El conflicto de convivencia en el colegio Gregorio Marañón de Toledo por las "conductas agresivas reiteradas" de un alumno de tercero de primaria no registra mejoría. Pese al acuerdo alcanzado la semana pasada entre las familias y la Delegación de Educación, que puso fin a una semana de huelga, los padres muestran su desánimo ante los últimos acontecimientos. "Nos gustaría poder dar buenas noticias, pero no está siendo así", lamenta una portavoz a EL ESPAÑOL de Castilla-La Mancha.
Aunque el alumno no asistió al centro este lunes ni este martes, su regreso el miércoles reactivó la tensión en el aula.
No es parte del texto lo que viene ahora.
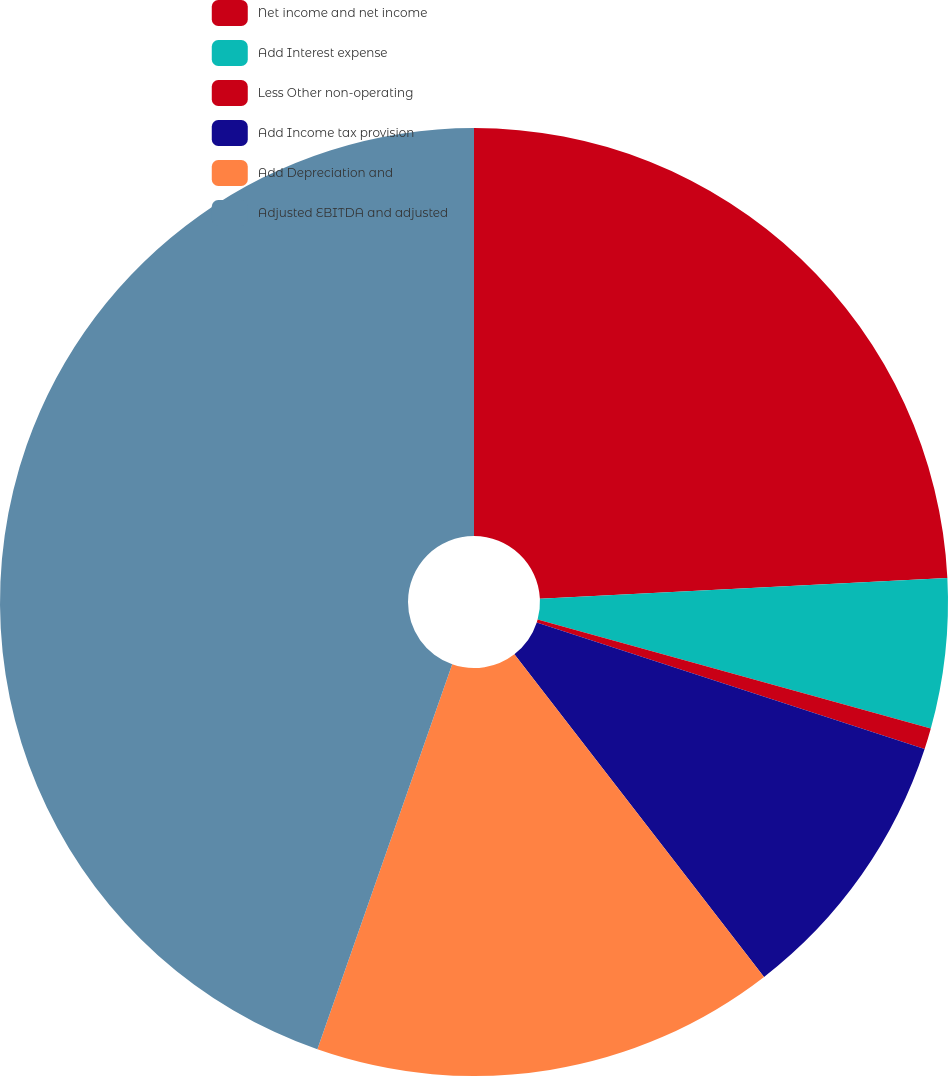Convert chart. <chart><loc_0><loc_0><loc_500><loc_500><pie_chart><fcel>Net income and net income<fcel>Add Interest expense<fcel>Less Other non-operating<fcel>Add Income tax provision<fcel>Add Depreciation and<fcel>Adjusted EBITDA and adjusted<nl><fcel>24.19%<fcel>5.11%<fcel>0.72%<fcel>9.5%<fcel>15.84%<fcel>44.64%<nl></chart> 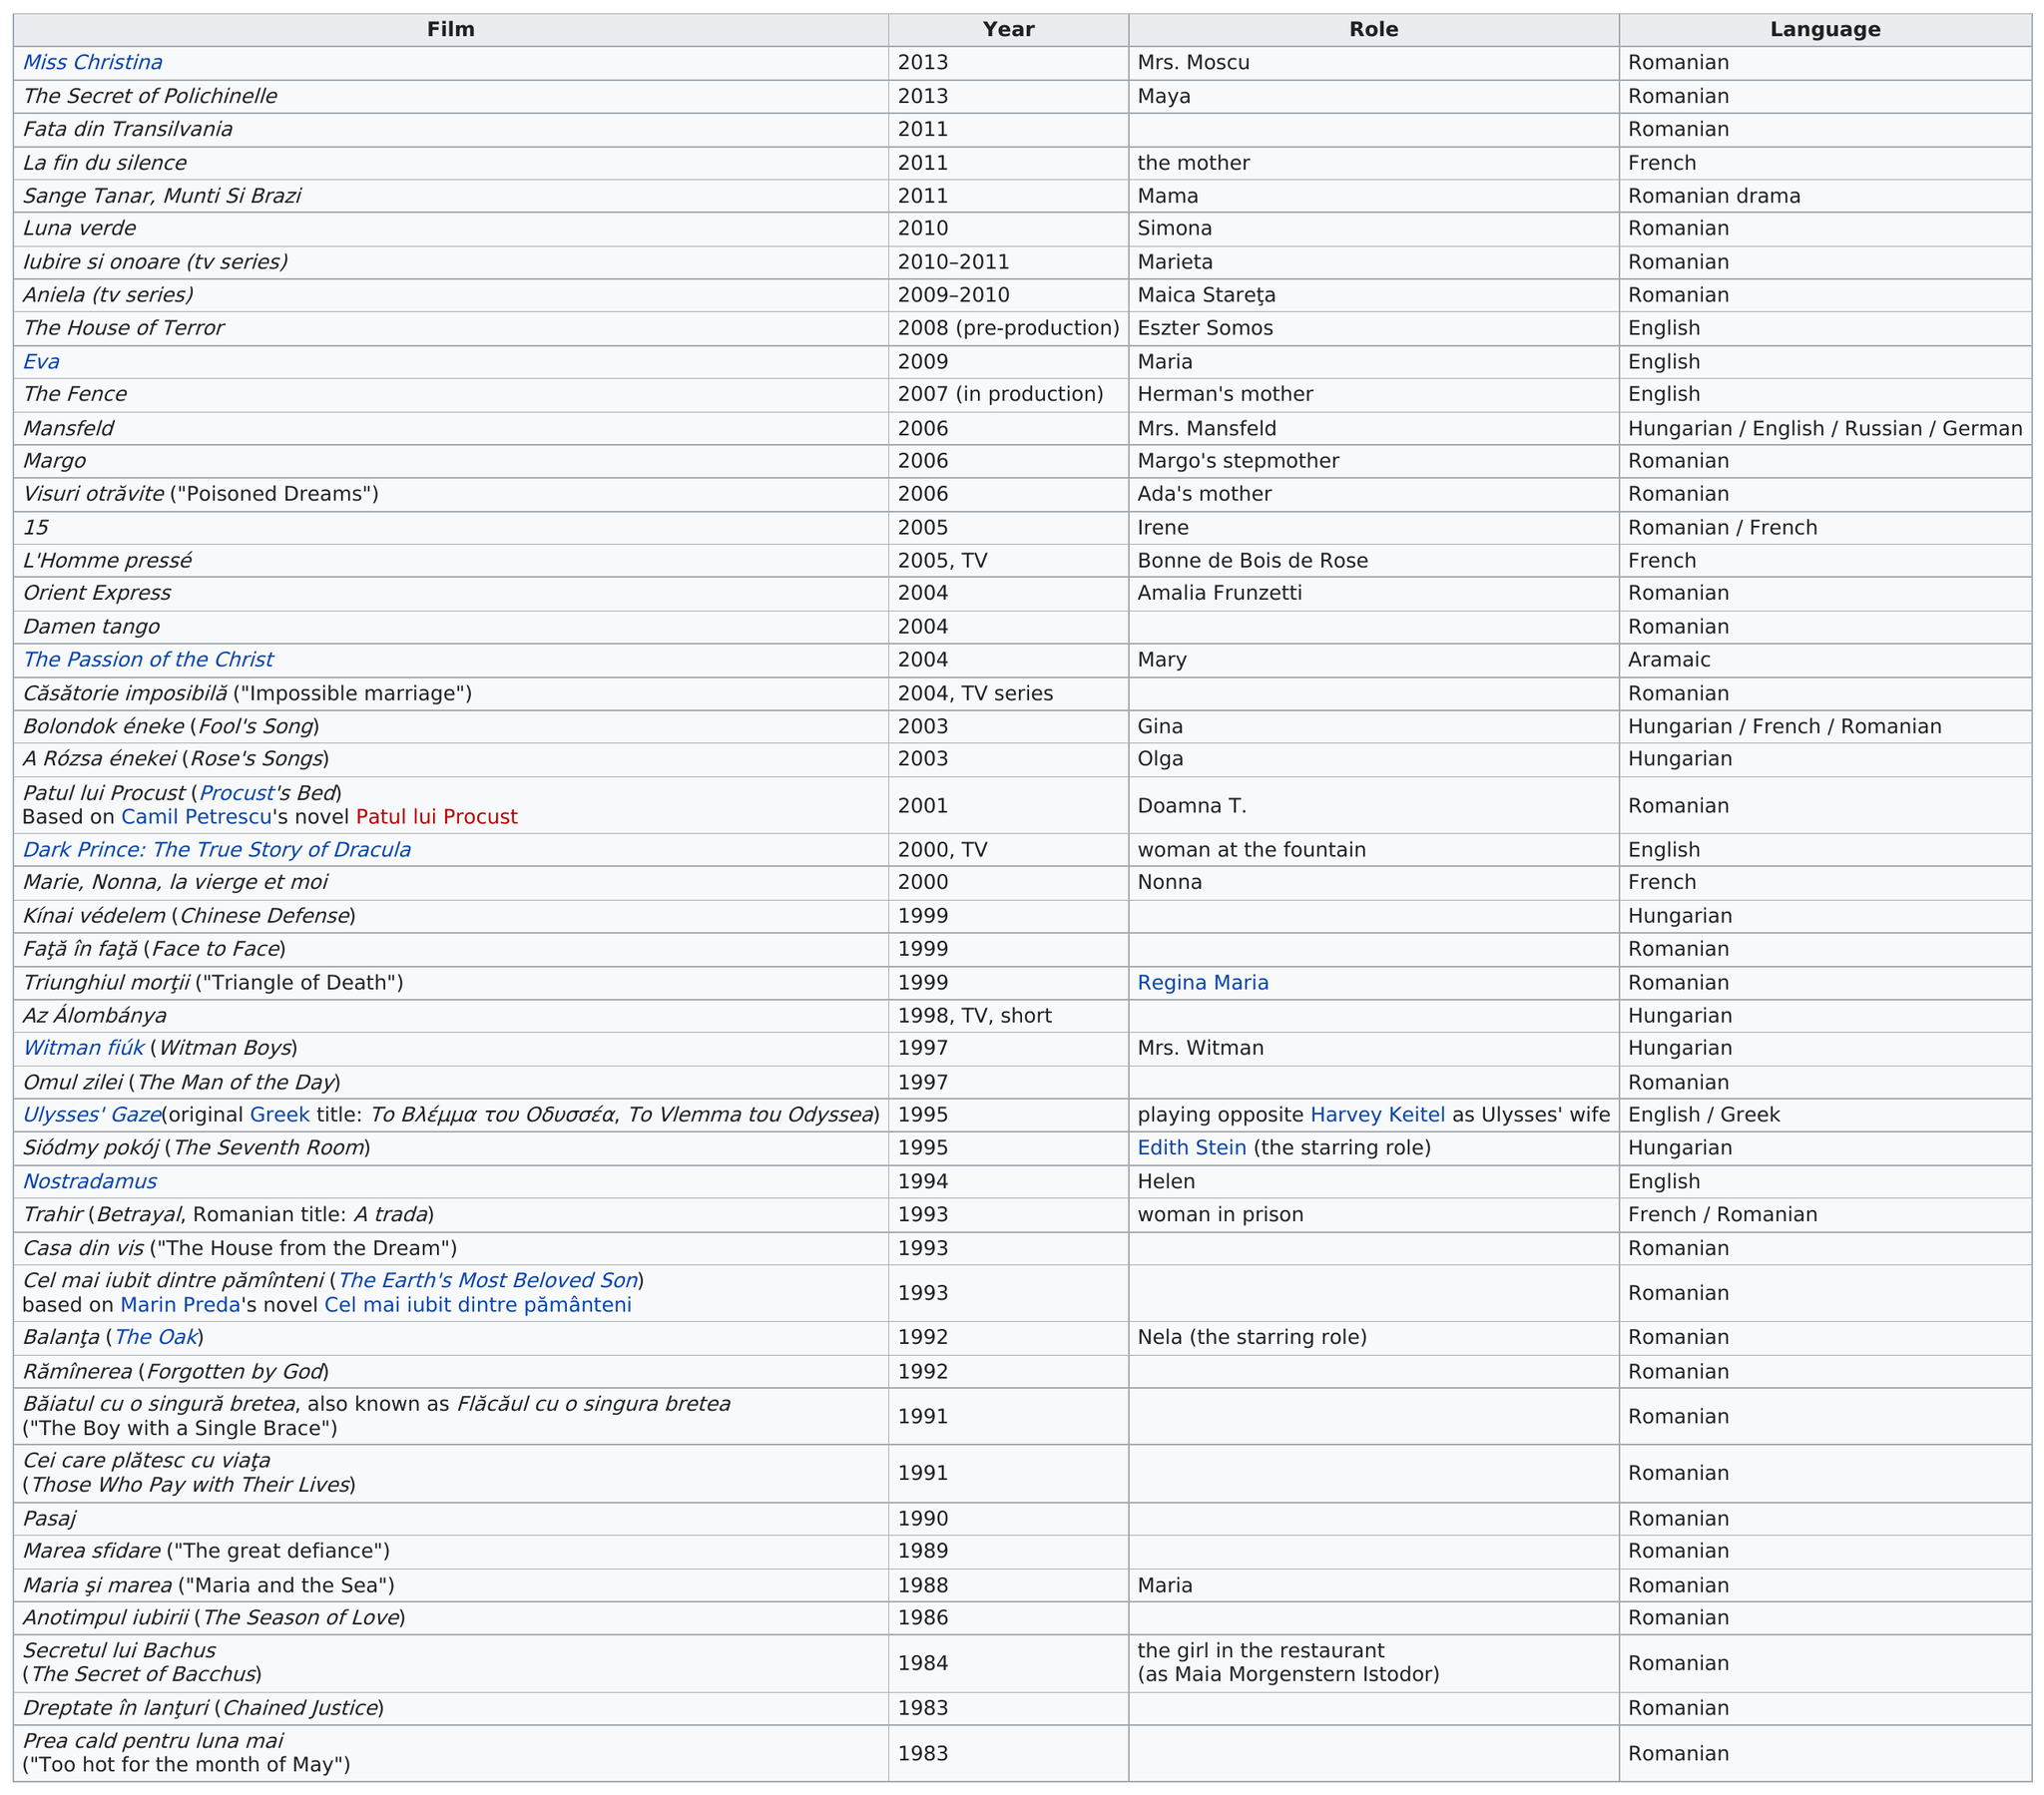Outline some significant characteristics in this image. Morgenstern's film debut was in 1983.

Según relatan los padres, el menor mantuvo una "actitud similar" a la de semanas anteriores y "se negó a salirse de clase" pese a las indicaciones de los docentes. La portavoz subraya que, incluso con "varios profesores presentes", no se logró que el niño obedeciese durante sus "conductas disruptivas".
"El único día que ha venido, las conductas no han podido ser controladas con las soluciones aportadas por la Junta", insiste la portavoz. Esta situación genera preocupación en las familias, quienes aseguran que "las aulas son seguras únicamente el día que no acude" el alumno.
Ante esta realidad, los afectados consideran que las soluciones propuestas por la administración no ofrecen resultados en el día a día. "Los padres pedimos medidas efectivas, y este miércoles se vio que las que han planteado no son suficientes o eficaces", denuncian mientras exigen cambios urgentes en el protocolo.
Las familias critican que se aplique una técnica de "ensayo y error" que, a su juicio, prolonga la exposición de sus hijos a situaciones conflictivas. "No se nos puede pedir más paciencia, porque ya la hemos tenido", señalan, puntualizando que su prioridad ahora es la eficacia inmediata de las medidas prometidas.
Pese a la incertidumbre, el colectivo confirma que mantendrá sus reivindicaciones activas. "Los padres seguimos en movimiento, no nos hemos parado", advierten. Actualmente, las familias evalúan qué nuevos pasos tomar para garantizar la estabilidad del curso escolar y la seguridad en el centro.